━━━ Data in this exercise

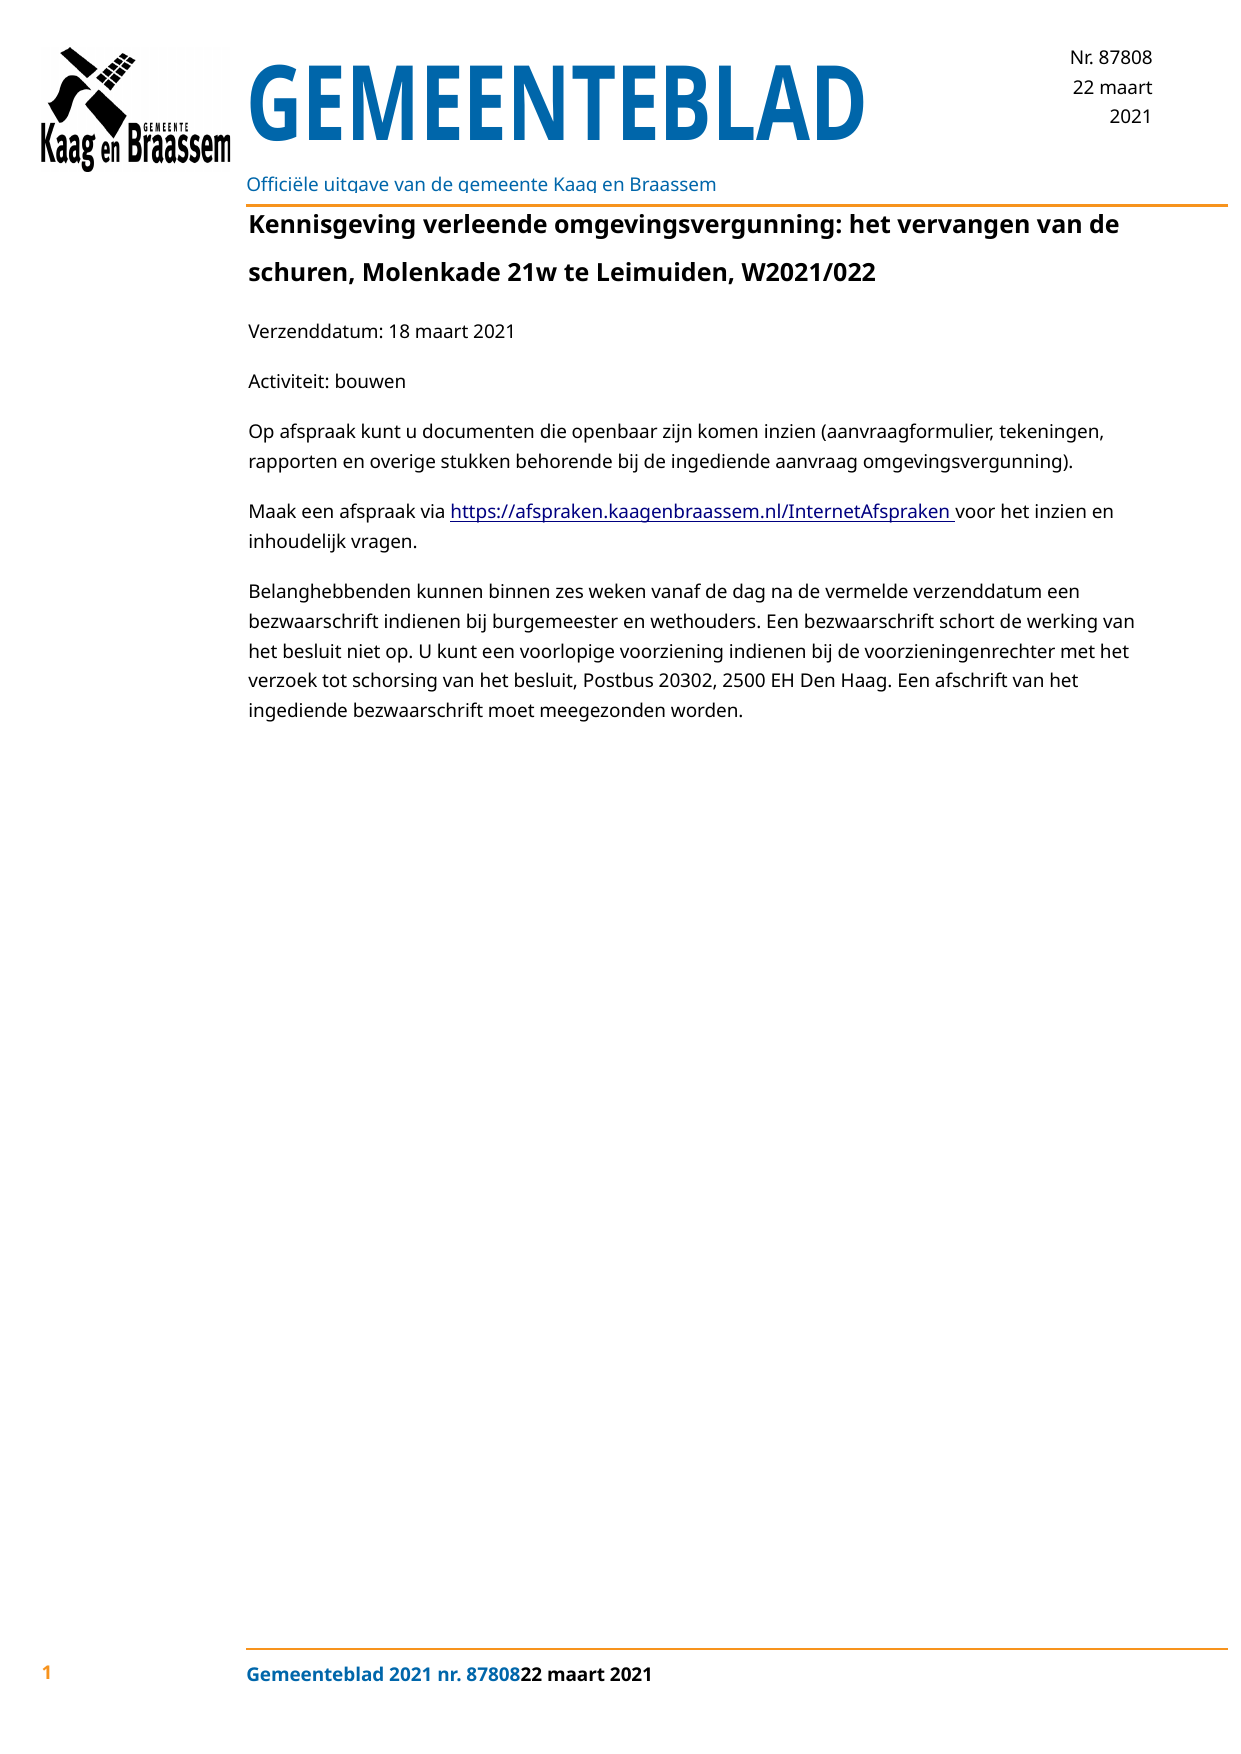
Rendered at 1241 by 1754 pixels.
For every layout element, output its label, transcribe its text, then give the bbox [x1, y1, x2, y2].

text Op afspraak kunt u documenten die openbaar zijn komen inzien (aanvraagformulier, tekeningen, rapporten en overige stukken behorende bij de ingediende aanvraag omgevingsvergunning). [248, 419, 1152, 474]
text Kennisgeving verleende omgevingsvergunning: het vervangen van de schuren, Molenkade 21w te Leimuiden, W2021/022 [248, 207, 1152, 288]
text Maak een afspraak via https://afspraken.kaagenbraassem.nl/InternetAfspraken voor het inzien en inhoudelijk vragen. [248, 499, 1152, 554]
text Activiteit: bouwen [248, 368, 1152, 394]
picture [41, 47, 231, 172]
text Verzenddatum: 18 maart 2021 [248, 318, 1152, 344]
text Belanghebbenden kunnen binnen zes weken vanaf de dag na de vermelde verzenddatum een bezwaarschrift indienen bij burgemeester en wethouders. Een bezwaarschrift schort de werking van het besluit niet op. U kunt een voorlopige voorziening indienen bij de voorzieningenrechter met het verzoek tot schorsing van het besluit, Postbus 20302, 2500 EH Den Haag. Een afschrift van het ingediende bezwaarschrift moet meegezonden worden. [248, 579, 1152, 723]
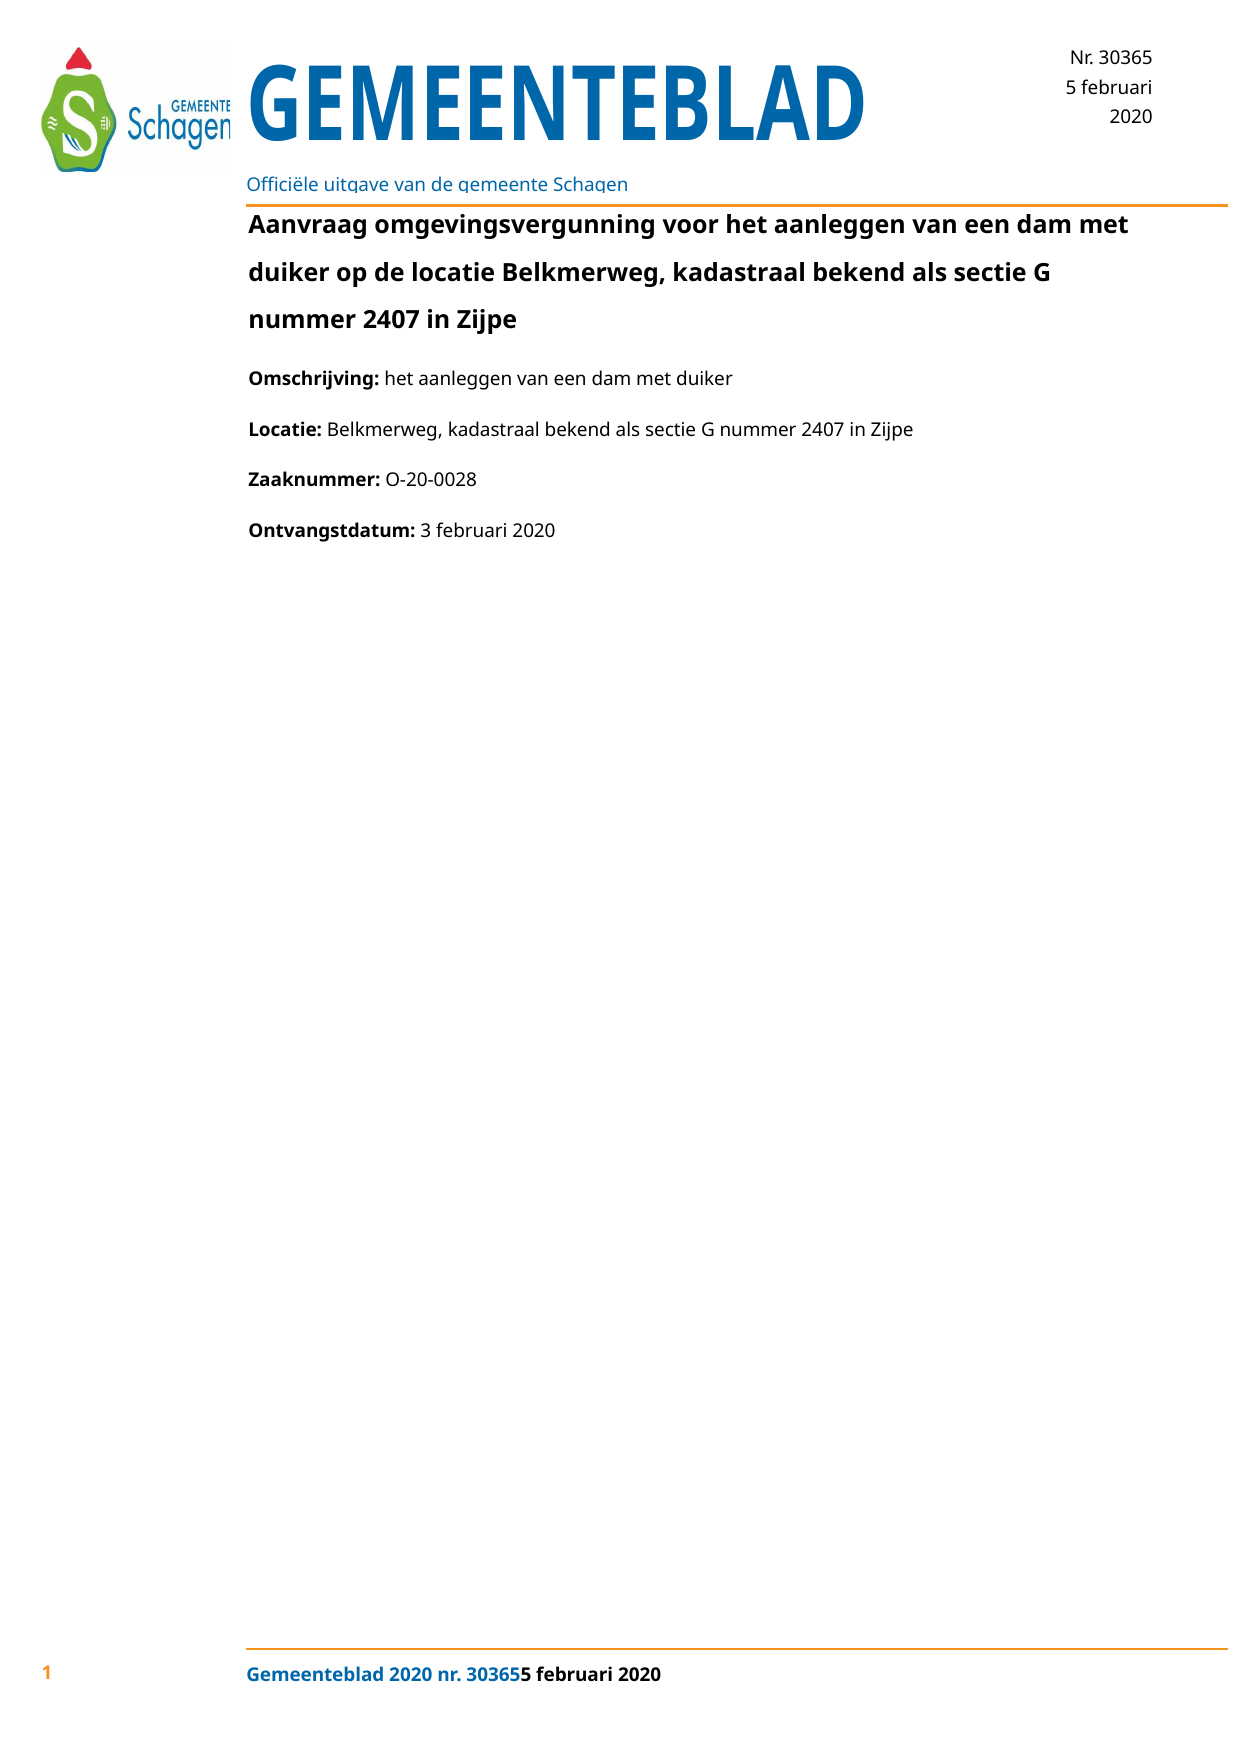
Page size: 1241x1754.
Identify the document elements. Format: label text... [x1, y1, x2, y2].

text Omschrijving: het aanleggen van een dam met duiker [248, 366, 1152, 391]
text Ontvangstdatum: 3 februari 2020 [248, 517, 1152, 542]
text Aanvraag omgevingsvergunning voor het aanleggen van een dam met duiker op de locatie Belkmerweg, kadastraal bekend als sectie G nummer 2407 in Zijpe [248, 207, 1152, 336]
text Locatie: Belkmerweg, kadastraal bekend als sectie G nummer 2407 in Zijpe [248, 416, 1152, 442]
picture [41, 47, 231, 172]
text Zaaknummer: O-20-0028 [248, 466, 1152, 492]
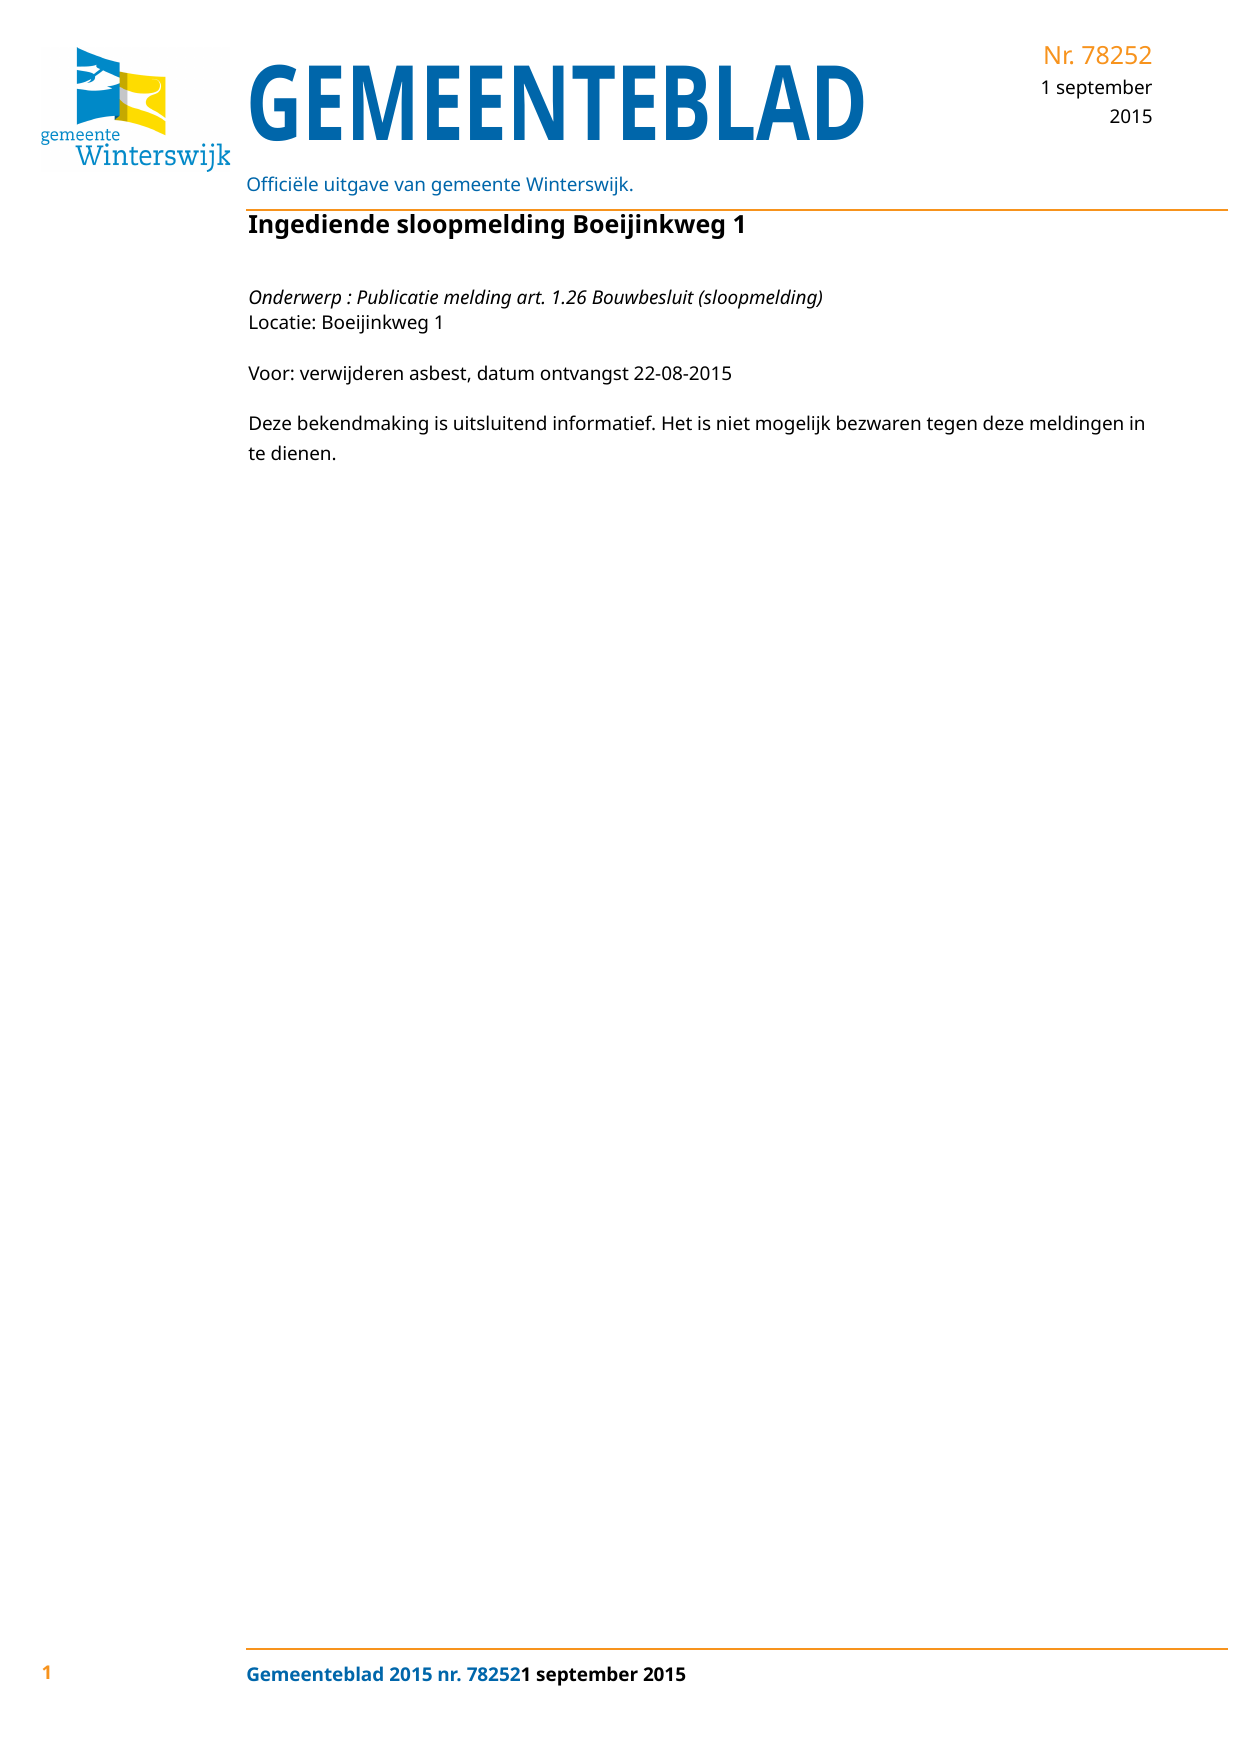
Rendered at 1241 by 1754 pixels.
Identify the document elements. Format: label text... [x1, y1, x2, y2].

━━━━━━

Leave the pictures out and reproduce all of the records exactly.

▶ **Problem solution**:
Rendered at 1241 by 1754 pixels.
For every layout element, output its label, transcribe its text, then give the bbox [x1, y1, x2, y2].

text Op afspraak kunt u documenten die openbaar zijn komen inzien (aanvraagformulier, tekeningen, rapporten en overige stukken behorende bij de ingediende aanvraag omgevingsvergunning). [248, 419, 1152, 474]
text Kennisgeving verleende omgevingsvergunning: het vervangen van de schuren, Molenkade 21w te Leimuiden, W2021/022 [248, 207, 1152, 288]
text Maak een afspraak via https://afspraken.kaagenbraassem.nl/InternetAfspraken voor het inzien en inhoudelijk vragen. [248, 499, 1152, 554]
text Activiteit: bouwen [248, 368, 1152, 394]
picture [41, 47, 231, 172]
text Verzenddatum: 18 maart 2021 [248, 318, 1152, 344]
text Belanghebbenden kunnen binnen zes weken vanaf de dag na de vermelde verzenddatum een bezwaarschrift indienen bij burgemeester en wethouders. Een bezwaarschrift schort de werking van het besluit niet op. U kunt een voorlopige voorziening indienen bij de voorzieningenrechter met het verzoek tot schorsing van het besluit, Postbus 20302, 2500 EH Den Haag. Een afschrift van het ingediende bezwaarschrift moet meegezonden worden. [248, 579, 1152, 723]
Page size: 1241x1754.
Identify the document elements. Format: label text... [x1, y1, x2, y2].

text Omschrijving: het aanleggen van een dam met duiker [248, 366, 1152, 391]
text Ontvangstdatum: 3 februari 2020 [248, 517, 1152, 542]
text Aanvraag omgevingsvergunning voor het aanleggen van een dam met duiker op de locatie Belkmerweg, kadastraal bekend als sectie G nummer 2407 in Zijpe [248, 207, 1152, 336]
text Locatie: Belkmerweg, kadastraal bekend als sectie G nummer 2407 in Zijpe [248, 416, 1152, 442]
picture [41, 47, 231, 172]
text Zaaknummer: O-20-0028 [248, 466, 1152, 492]
Rendered at 1241 by 1754 pixels.
Identify the document elements. Format: label text... [x1, y1, x2, y2].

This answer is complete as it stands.